Yes, it's a "C project"-centric view, but consider the date: it was the early days of git. The main way of receiving changes was emailed patches, not pull requests. Binary junk would have a hard time getting in. And even if it did get in, the earliest copy of the object wins, as long as the maintainers added "--ignore-existing" to the rsync command in their pull scripts (yeah, this thread seems to be from before the git fetch protocol), as mentioned earlier in the thread.

Honestly, this isn't nearly as abrasive as some things Linus has said and it has some cogent generalized engineering advice mixed in. Certainly not the worst thing he's said. Also, he was correct at the time and left open the possibility of something changing in the future.

It's not pretty, it's a bully's style to rely more on forcefulness than good arguments.

It hasn't switched because Linus (1) doesn't think anyone would do that and (2) he sees hash collisions only as an accident vector not an intentional attack vector.

> You are _literally_ arguing for the equivalent of "what if a meteorite hit my plane while it was in flight - maybe I should add three inches of high-tension armored steel around the plane, so that my passengers would be protected".
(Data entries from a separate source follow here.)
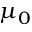<formula> <loc_0><loc_0><loc_500><loc_500>\mu _ { 0 }</formula> 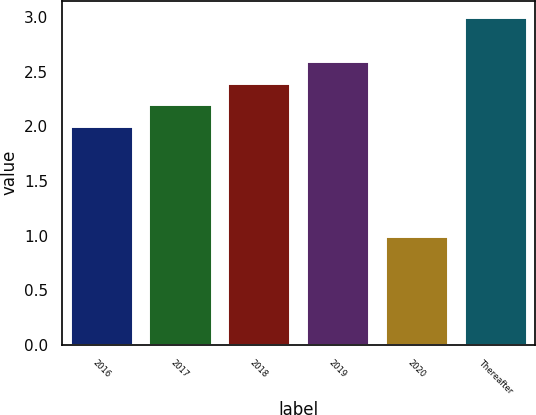<chart> <loc_0><loc_0><loc_500><loc_500><bar_chart><fcel>2016<fcel>2017<fcel>2018<fcel>2019<fcel>2020<fcel>Thereafter<nl><fcel>2<fcel>2.2<fcel>2.4<fcel>2.6<fcel>1<fcel>3<nl></chart> 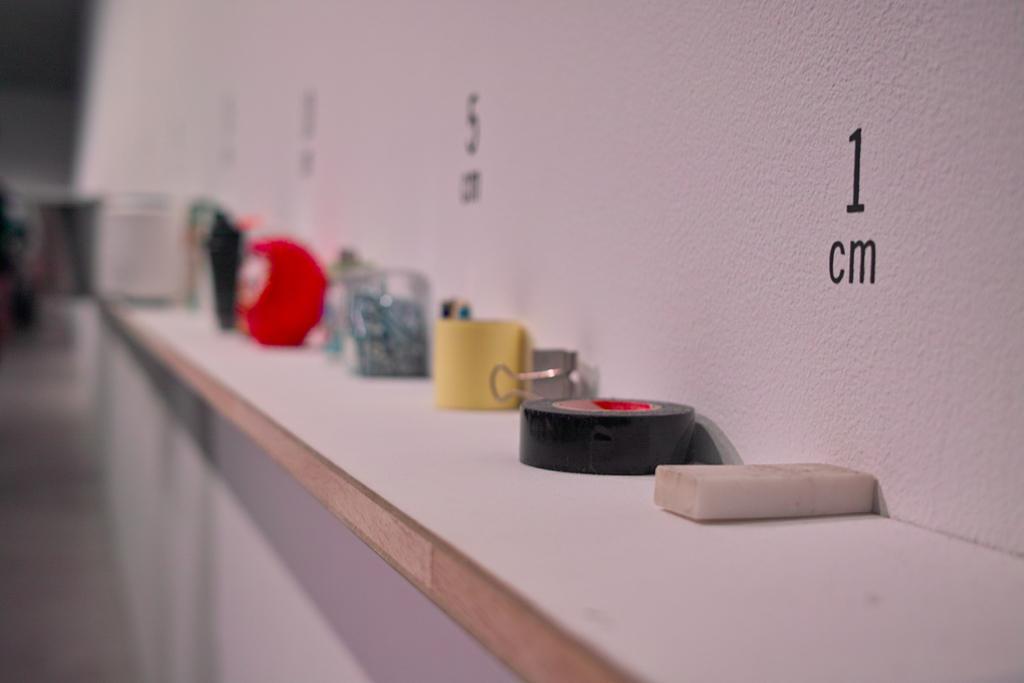Could you give a brief overview of what you see in this image? In this picture we can observe some accessories placed on the desk which is in white color. We can observe a wall which is in white color. There are numbers painted on this wall. The background is completely blurred. 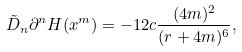Convert formula to latex. <formula><loc_0><loc_0><loc_500><loc_500>\tilde { D } _ { n } \partial ^ { n } H ( x ^ { m } ) = - 1 2 c \frac { ( 4 m ) ^ { 2 } } { ( r + 4 m ) ^ { 6 } } ,</formula>

> That's not engineering. That's five-year-olds discussing building their imaginary forts ("I want gun-turrets and a mechanical horse one mile high, and my command center is 5 miles under-ground and totally encased in 5 meters of lead").
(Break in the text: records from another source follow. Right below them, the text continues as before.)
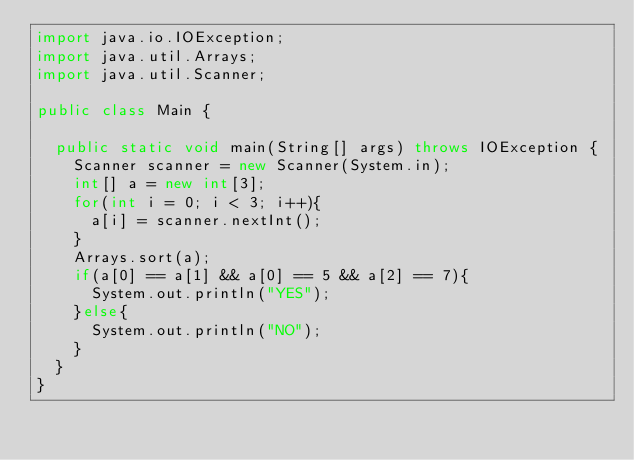<code> <loc_0><loc_0><loc_500><loc_500><_Java_>import java.io.IOException;
import java.util.Arrays;
import java.util.Scanner;

public class Main {

	public static void main(String[] args) throws IOException {
		Scanner scanner = new Scanner(System.in);
		int[] a = new int[3];
		for(int i = 0; i < 3; i++){
			a[i] = scanner.nextInt();
		}
		Arrays.sort(a);
		if(a[0] == a[1] && a[0] == 5 && a[2] == 7){
			System.out.println("YES");
		}else{
			System.out.println("NO");
		}
	}
}</code> 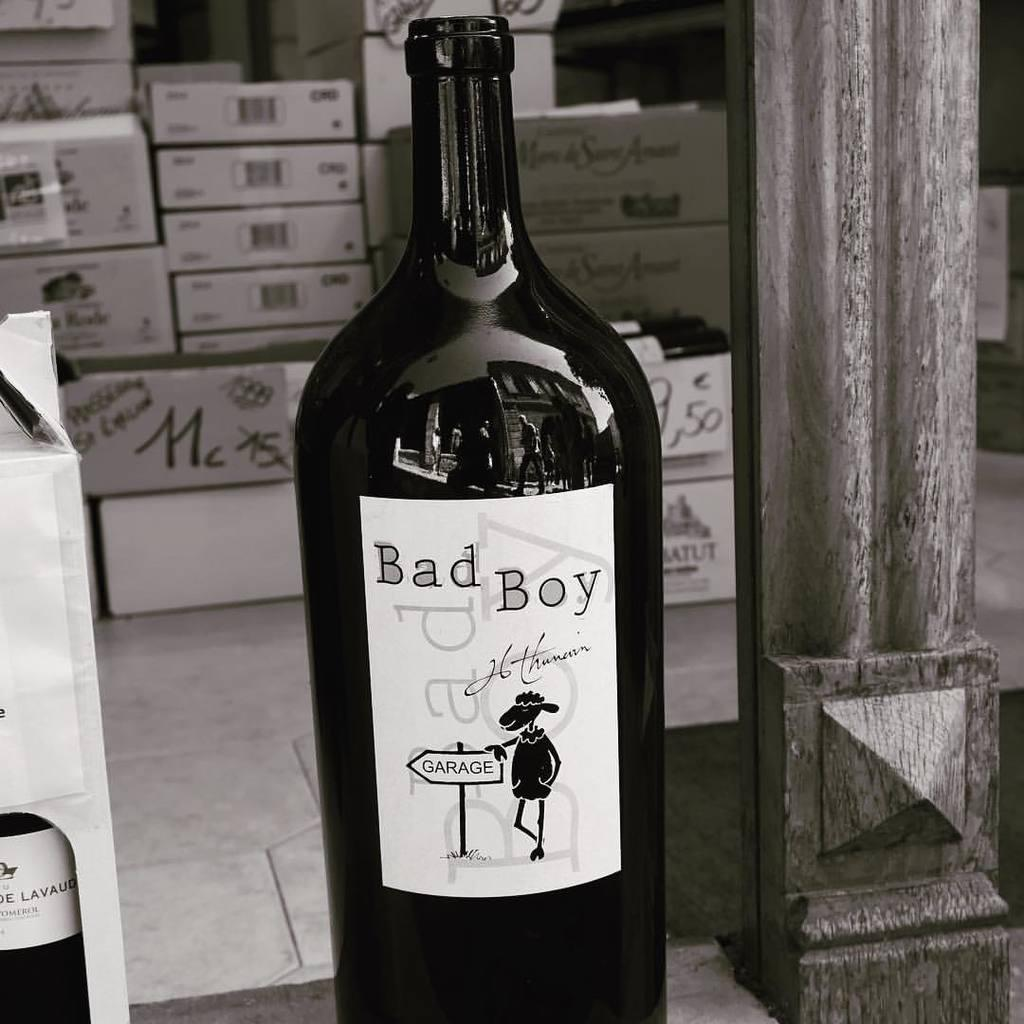<image>
Summarize the visual content of the image. A bottle of Bad Boy sits next to a box of some other type of beverage. 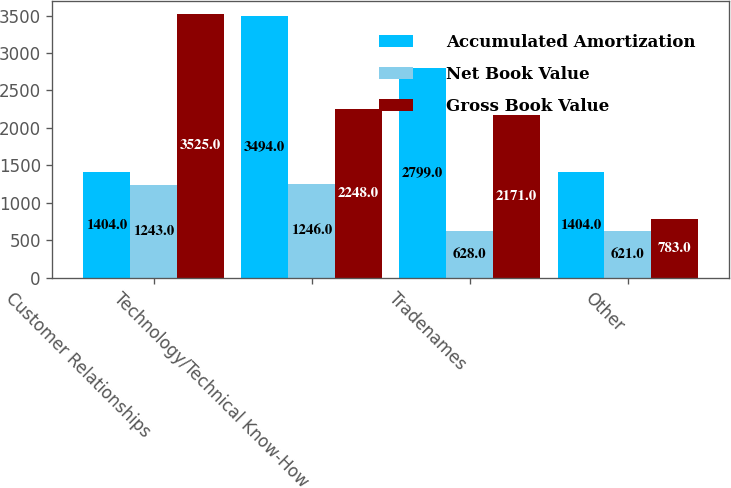Convert chart to OTSL. <chart><loc_0><loc_0><loc_500><loc_500><stacked_bar_chart><ecel><fcel>Customer Relationships<fcel>Technology/Technical Know-How<fcel>Tradenames<fcel>Other<nl><fcel>Accumulated Amortization<fcel>1404<fcel>3494<fcel>2799<fcel>1404<nl><fcel>Net Book Value<fcel>1243<fcel>1246<fcel>628<fcel>621<nl><fcel>Gross Book Value<fcel>3525<fcel>2248<fcel>2171<fcel>783<nl></chart>

> If we want to have any kind of confidence that the hash is reall yunbreakable, we should make it not just longer than 160 bits, we should make sure that it's two or more hashes, and that they are based on totally different principles.

> And we should all digitally sign every single object too, and we should use 4096-bit PGP keys and unguessable passphrases that are at least 20 words in length. And we should then build a bunker 5 miles underground, encased in lead, so that somebody cannot flip a few bits with a ray-gun, and make us believe that the sha1's match when they don't. Oh, and we need to all wear aluminum propeller beanies to make sure that they don't use that ray-gun to make us do the modification _outselves_.
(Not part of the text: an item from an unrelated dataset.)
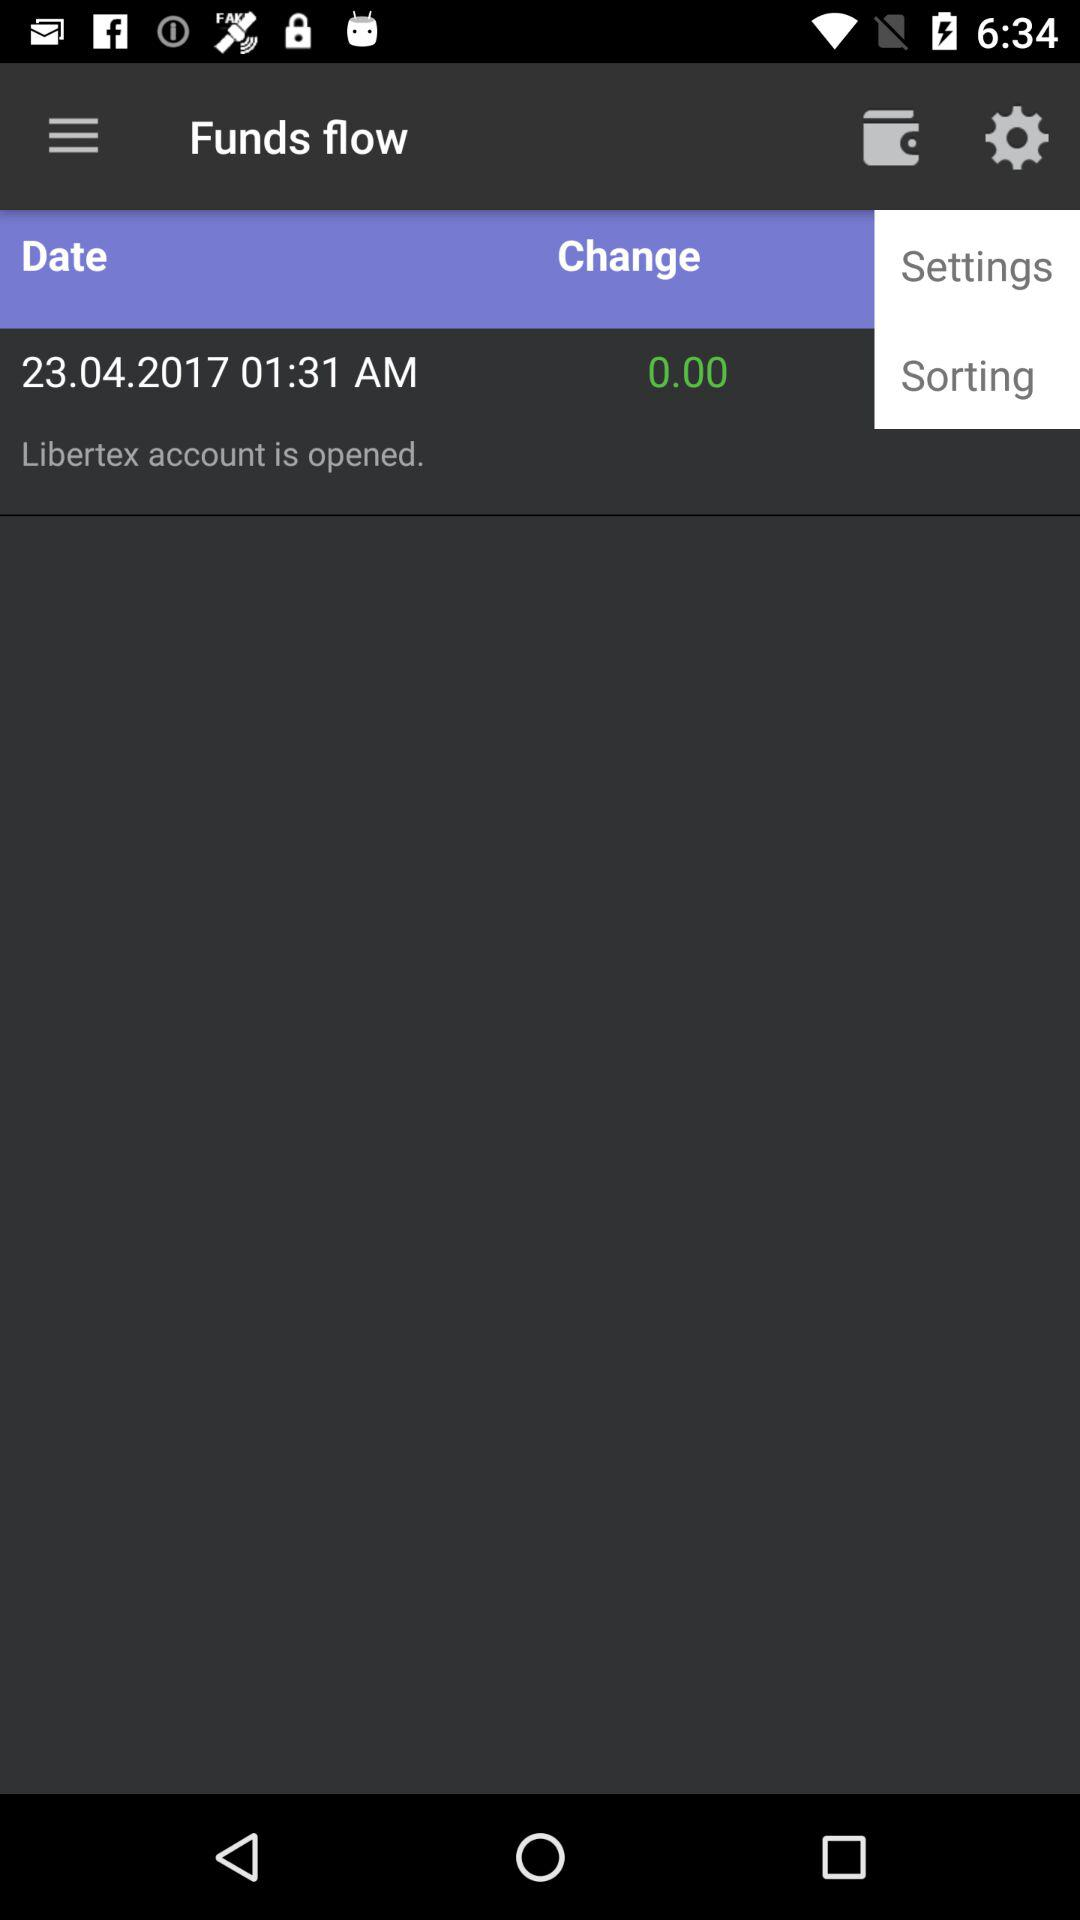What time was the account opened? The account was opened at 1:31 AM.

> So please stop with the theoretical sha1 attacks. It is simply NOT TRUE that you can generate an object that looks halfway sane and still gets you the sha1 you want. Even the "breakage" doesn't actually do that. And if it ever _does_ become true, it will quite possibly be thanks to some technology that breaks other hashes too.

> I worry about accidental hashes, and in 160 bits of good hashing, that just isn't an issue.

I think it is worth noting that the quotes in your comment are from 12 years ago: http://www.gelato.unsw.edu.au/archives/git/0504/0885.html

I don't mean this to say that you are being inaccurate, just that his current position seems a little different now:

"Again, I'm not arguing that people shouldn't work on extending git to a new (and bigger) hash. I think that's a no-brainer, and we do want to have a path to eventually move towards SHA3-256 or whatever" http://marc.info/?l=git&m=148787457024610&w=2


I was just answering the question "Why hasn't Git switched...People have been warning that SHA-1 is vulnerable for over a decade"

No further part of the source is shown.